PROBLEM REQUIREMENTS
Please reproduce the listing below exactly, leaving out every picture.

═══ SUPPLIED DATA

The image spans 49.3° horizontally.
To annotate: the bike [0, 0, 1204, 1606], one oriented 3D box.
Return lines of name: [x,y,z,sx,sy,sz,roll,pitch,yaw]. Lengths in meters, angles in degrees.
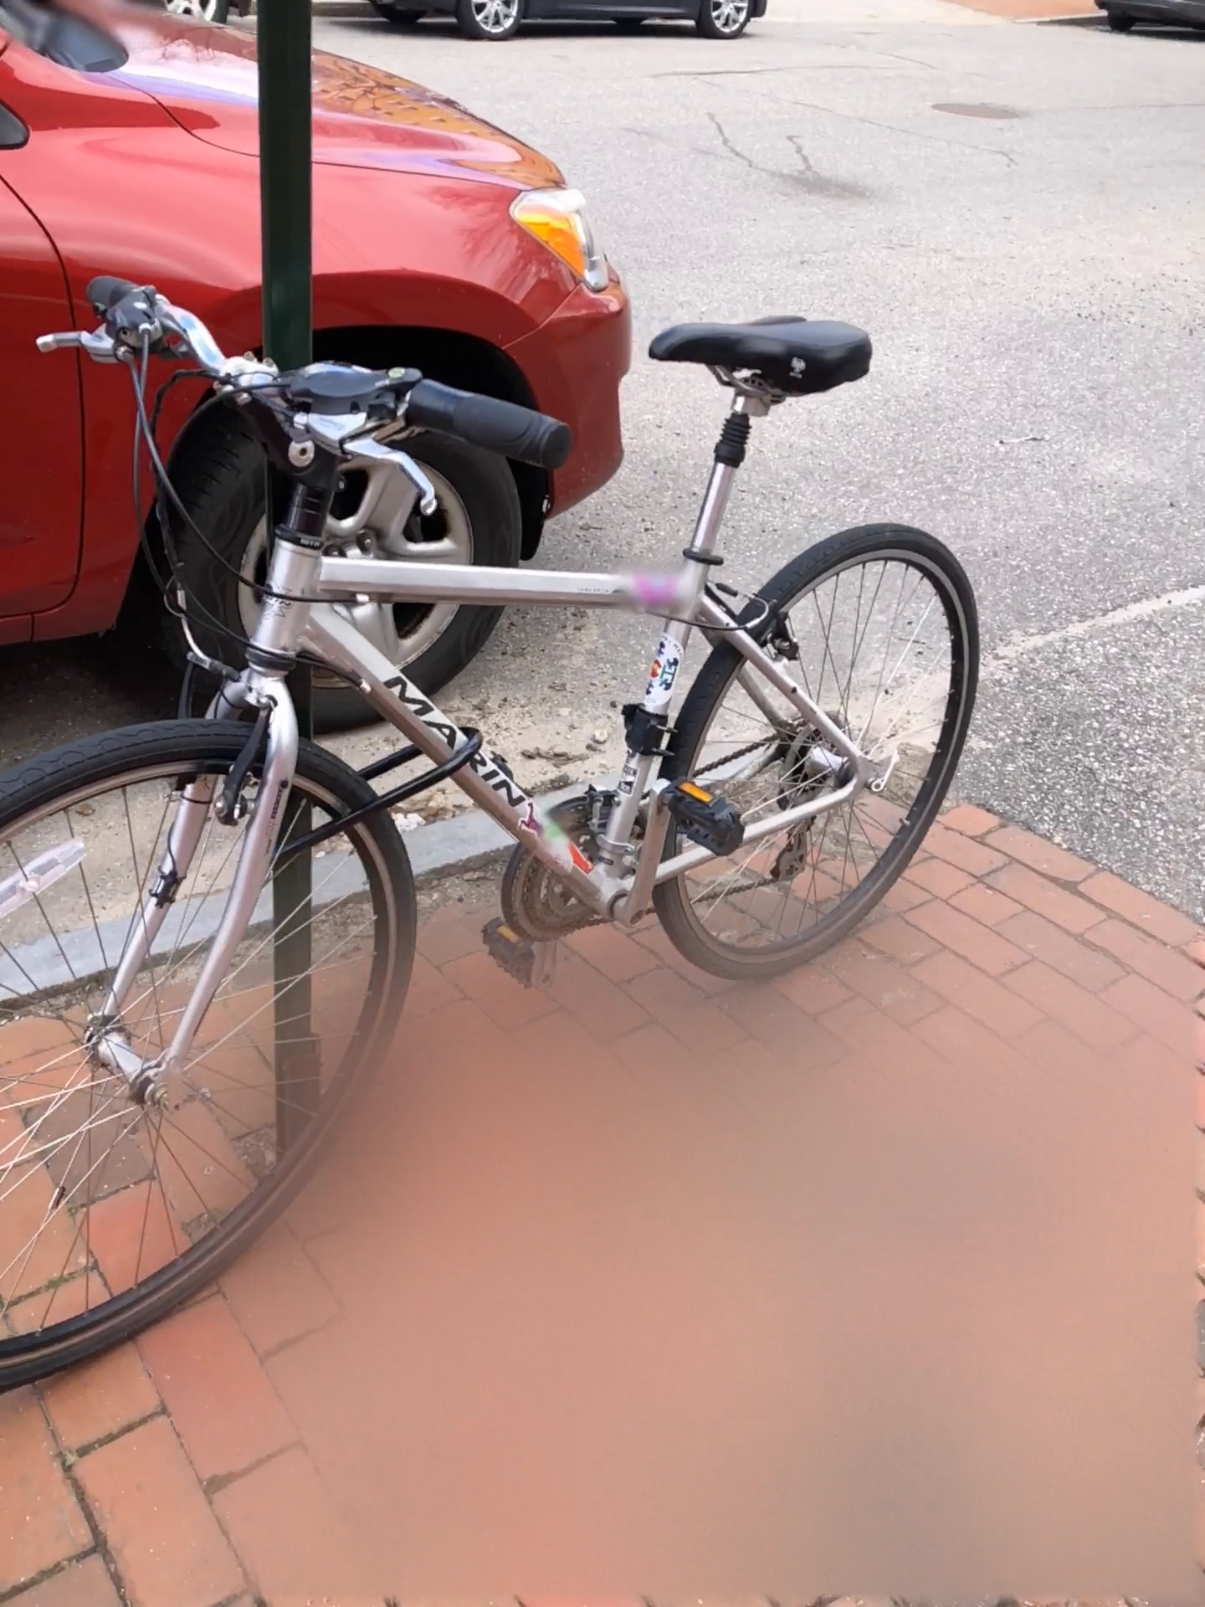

══════

TASK ANSWER
The image spans 49.3° horizontally.
To annotate: the bike [0, 0, 1204, 1606], one oriented 3D box.
Return lines of name: [x,y,z,sx,sy,sz,roll,pitch,yaw]. Lengths in meters, angles in degrees.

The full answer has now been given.